Almost 10,000 retail jobs have been lost in the first three weeks of 2020, following a string of store closures and restructurings. The research by the Centre for Retail Research and Altus Group showed that 9,940 jobs have been cut following store closures at high street chains. Recently, the British Retail Consortium released figures that showed that the UK retail sector shed 57,000 jobs in the fourth quarter of last year, following what has been described as the “worst year on record” for the sector.
Shares in Swedish fashion retailer H&M jumped more than 9% in Stockholm after the group posted its first annual profit rise since 2015 and announced a management reshuffle.
Restaurant Brands International’s Tim Hortons chain removed all Beyond Meat products from its coffee and donut shops in the Canadian provinces of Ontario and British Columbia. This comes after the coffee and breakfast chain cut Beyond Meat’s burgers and sandwiches from its menu in September from all of Canada except the two provinces. A spokesman said that “the product was not embraced by our guests as we thought it would be”. Shares in the producer of the meat-free meat product are up almost 60% in the year to date.
Is trouble brewing at Unilever? Fewer people are enjoying a nice cuppa – which has led PG Tips owner Unilever to launch a strategic review of its tea business, which also includes the Liptons brand. The consumer-goods giant missed its underlying sales target in 2019, with the company citing “challenging” developed markets.
Diageo said annual sales growth would be at the low end of its guidance as the drinks company reported a 2% increase in interim underlying operating profit.
Luxury goods group LVMH, which own a number of brands including Christian Dior, Louis Vuitton, and Hennessy, saw good growth in full-year sales and profits, despite a fall in Hong Kong revenue following the pro-democracy protests. Profit rose 15% to €11.5bn on sales also up 15% at €53.6bn.
Comcast-owned Sky is said to be close to signing a deal with The Walt Disney Co to bring the US giant’s new streaming service to its pay-tv platform. The two companies are finalising a multi-year tie-up that could shut out rivals Virgin Media and BT Group, reports suggested.
The Saudi Telecom Co agreed to buy a 55% stake in the Egyptian holdings of telecoms behemoth Vodafone. The kingdom's largely state-owned communication group offered $2.39bn in cash for the stake, as part of its continued efforts to carve out more market share in the Middle East.

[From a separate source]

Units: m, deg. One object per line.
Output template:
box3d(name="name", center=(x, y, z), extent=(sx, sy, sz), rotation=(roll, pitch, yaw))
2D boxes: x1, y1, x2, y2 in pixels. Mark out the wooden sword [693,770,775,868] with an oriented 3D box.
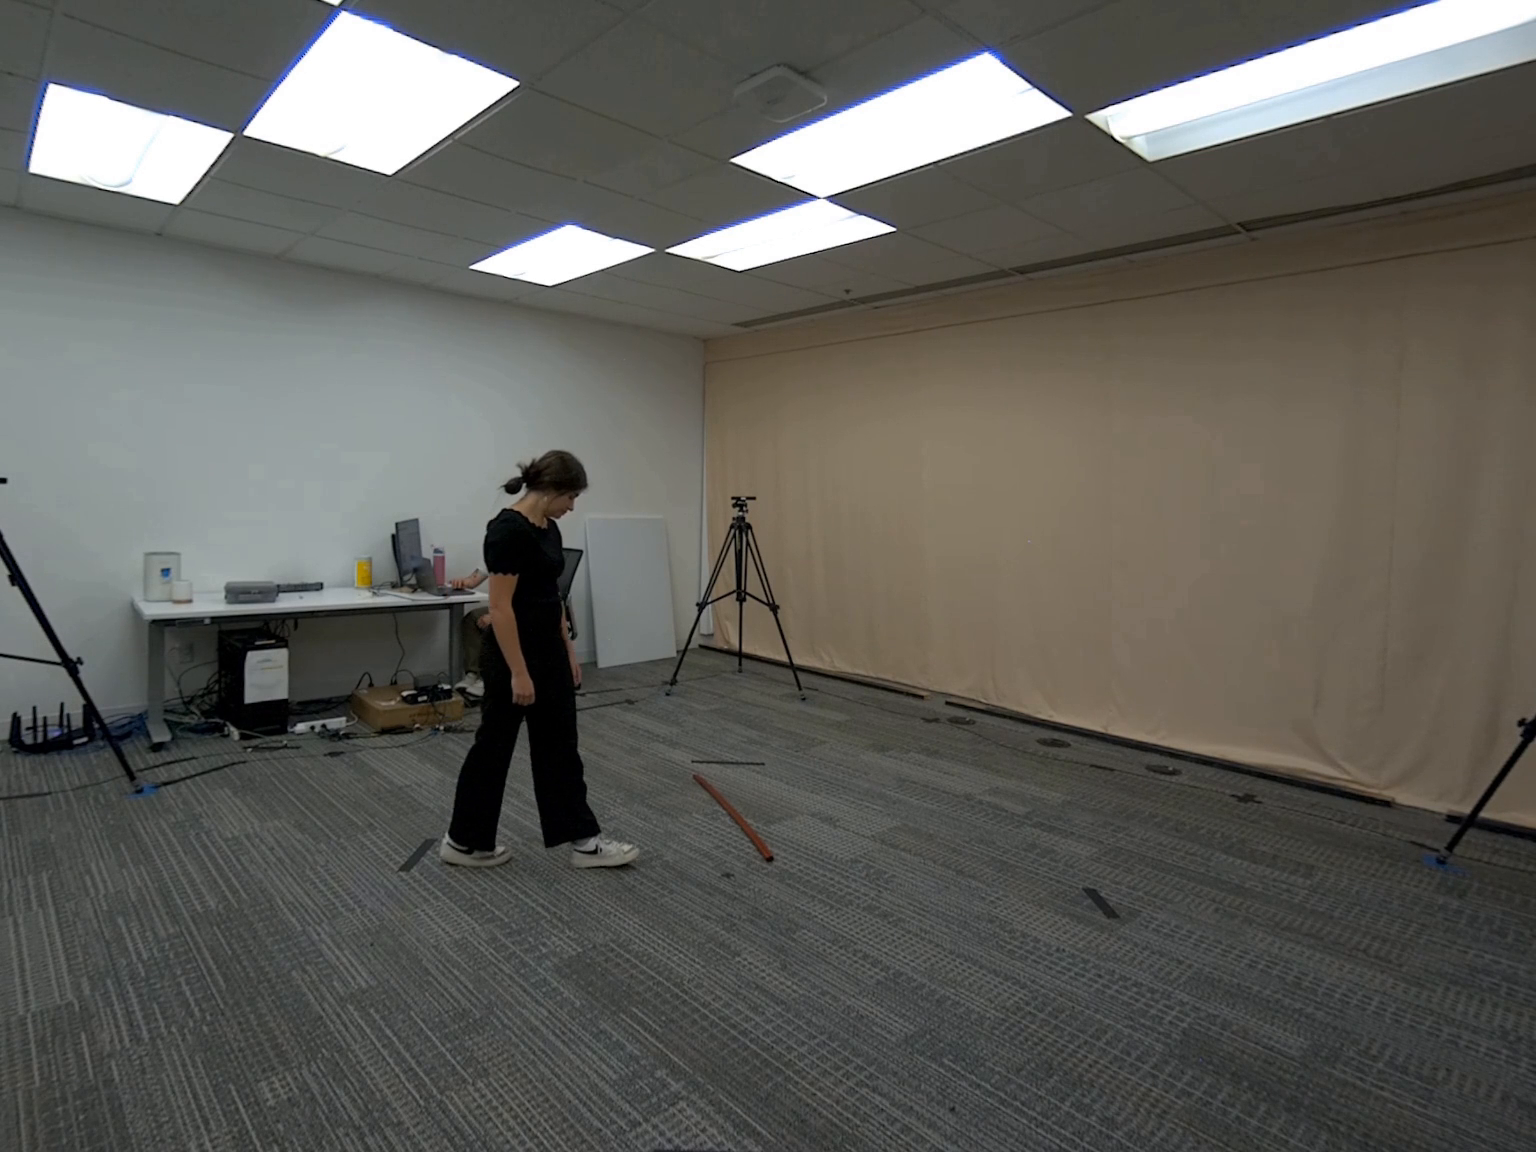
box3d(name="wooden sword", center=(-0.175, 1.039, 3.720), extent=(0.024, 0.051, 1.043), rotation=(-26, 13, -16))

Health and safety producer maker Halma said it had made two acquisitions in the US and Australia for a combined £83.4m.
Airlines & transport
Shares in engine maker Rolls Royce fell after the European regulator issued a de-pairing order on its Trent 100 engines following further operational issues. De-pairing refers to using two different engines on an aircraft so the plane is not powered by identical turbines. Trent 1000s, which are fitted to Boeing 787s, have already been the subject of several regulatory interventions, particularly as a result of problems with blade durability. However, it is now looking at surge occurrences which appear to be a separate issue.

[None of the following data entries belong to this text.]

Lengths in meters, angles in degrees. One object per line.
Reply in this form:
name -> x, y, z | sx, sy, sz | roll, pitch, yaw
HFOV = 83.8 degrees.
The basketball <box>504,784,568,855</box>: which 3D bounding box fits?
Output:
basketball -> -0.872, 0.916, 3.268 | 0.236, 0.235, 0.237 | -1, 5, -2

Boeing completed a successful maiden voyage of its 777-X jet over the weekend, a respite for the aircraft maker amid the ongoing grounding of its 737 Max jet.

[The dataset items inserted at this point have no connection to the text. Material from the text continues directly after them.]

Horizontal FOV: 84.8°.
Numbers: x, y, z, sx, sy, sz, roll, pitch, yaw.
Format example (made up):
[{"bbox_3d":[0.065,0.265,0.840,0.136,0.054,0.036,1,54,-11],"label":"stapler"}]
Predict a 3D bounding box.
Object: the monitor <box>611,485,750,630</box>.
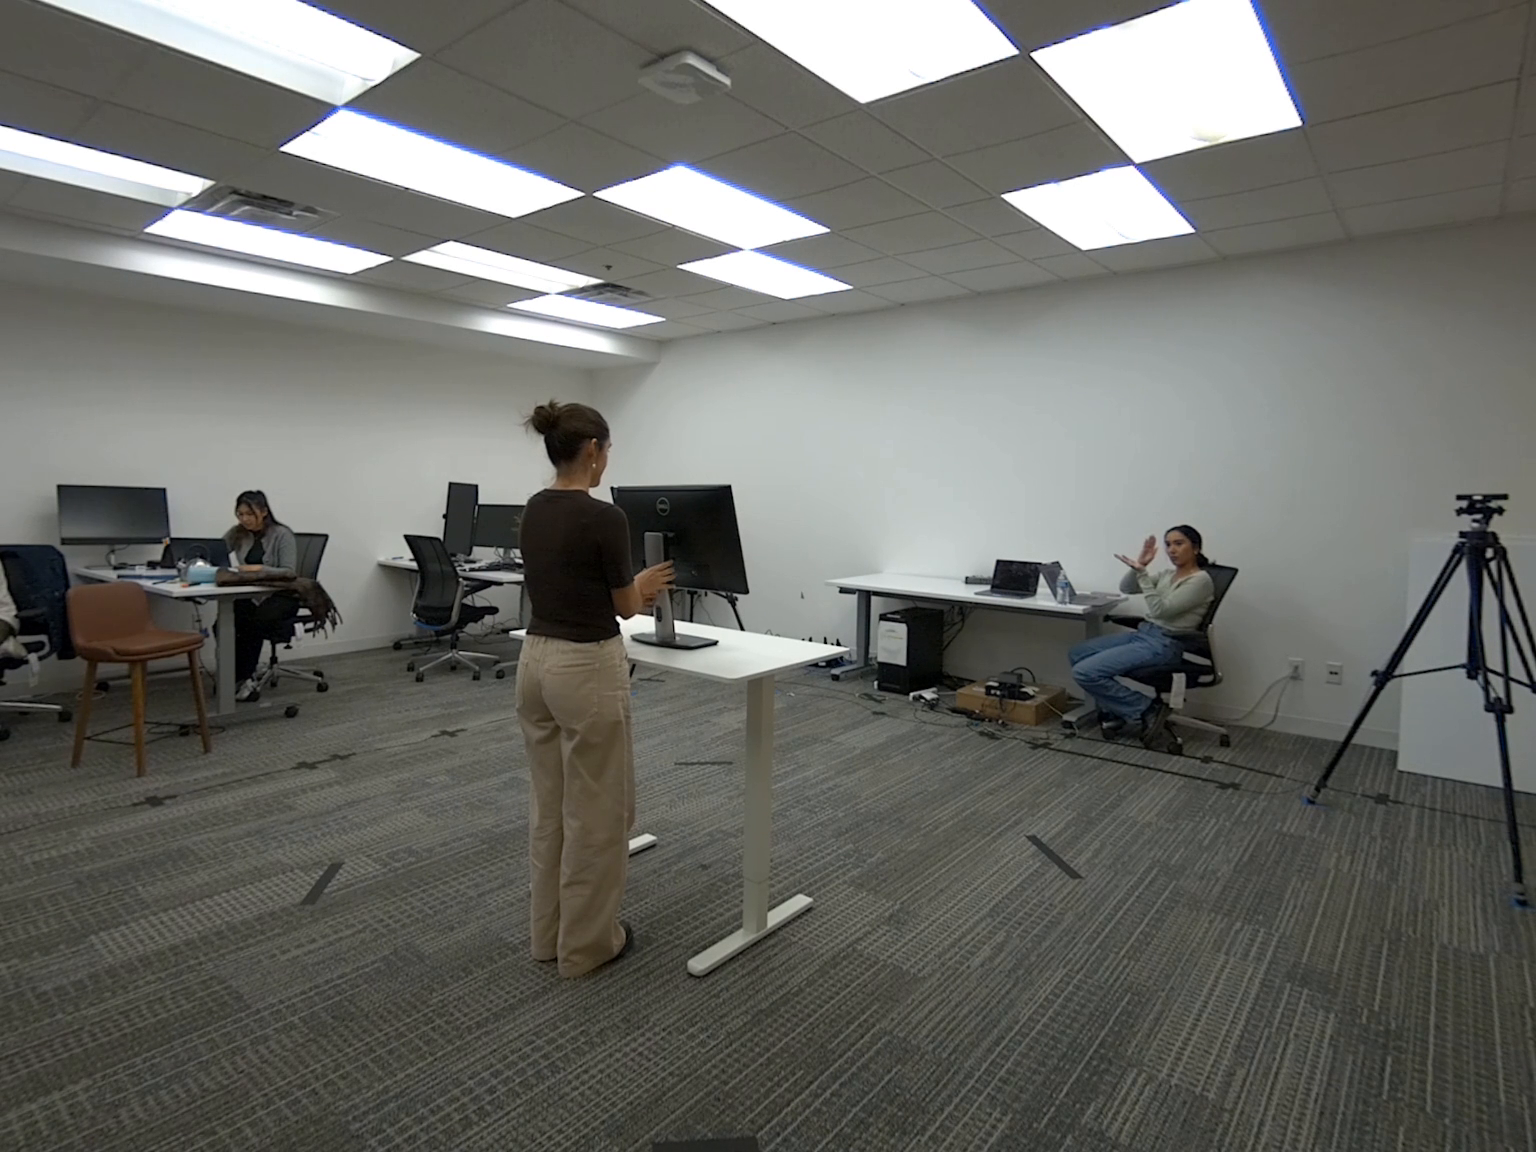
[{"bbox_3d":[-0.323,-0.038,2.768,0.557,0.520,0.182,3,5,38],"label":"monitor"}]

Airbus said it had agreed a settlement with UK, US and French authorities over investigations into allegations of bribery and corruption. Reports suggested Airbus could be forced to pay out up to £2.5bn in fines. The company allegedly failed to notify authorities about the use of consultants in aircraft deals it was asking the UK government to cover with financing guarantees.
Wizz Air raised its full-year guidance after the Eastern-European focused carrier revealed that it had swung to a net profit from a net loss in the final three months of 2019. Revenues in the quarter were up by 25%.
The Indian government said it will sell its entire stake in its national carrier, Air India, in an attempt to make it a more exciting proposition for potential buyers. A document, inviting expressions of interest, was released on Monday. It says that any bidder would have to take on around $3.2bn of debt along with other liabilities. The announcement came more than a year after a bid to sell a controlling stake in the airline did not attract any buyers.
Struggling luxury carmaker Aston Martin Lagonda announced plans to raise emergency funding worth £500m. A consortium led by billionaire Lawrence Stroll will put in £182m, with the rest coming from issuing fresh shares to existing investors. Mr Stroll partly owns the Racing Point Formula 1 team, which will be branded Aston Martin under the agreement.
British banks approved the most mortgages in four years in December, data from banking body UK Finance has shown. However, mortgage lending in the UK fell in 2019 overall as Britain’s housing market struggled under the weight of Brexit uncertainty.
Annual house price growth jumped to a 14-month high in January, according to building society Nationwide. Across the UK, property prices were 1.9% higher than a year earlier, marking the strongest annual growth since November 2018.
Goldman Sachs held its first-ever investor day in which it unveiled higher financial targets. You can see the full 263-page presentation here, which contains slides entitled “Leveraging Adjacencies to Expand Our Addressable Market” and “Global Markets Opportunities Arising from Secular Change”.
Deutsche Bank posted a full-year net loss of €5.3bn, amid a huge transformation project. Shares in Germany’s largest lender climbed on signs of progress in its restructuring plan.
Amigo founder James Benamor put the British subprime lender up for sale, as he wants to find a new owner for his 60.6% stake. Amigo lends to people with poor credit ratings provided they have someone who can guarantee the loan and step in for them if they can't keep up repayments. The business is being challenged by a regulatory crackdown after the UK's Financial Conduct Authority issued warnings last year on the guarantor-lending industry, saying guarantors do not always understand the risk they are taking on.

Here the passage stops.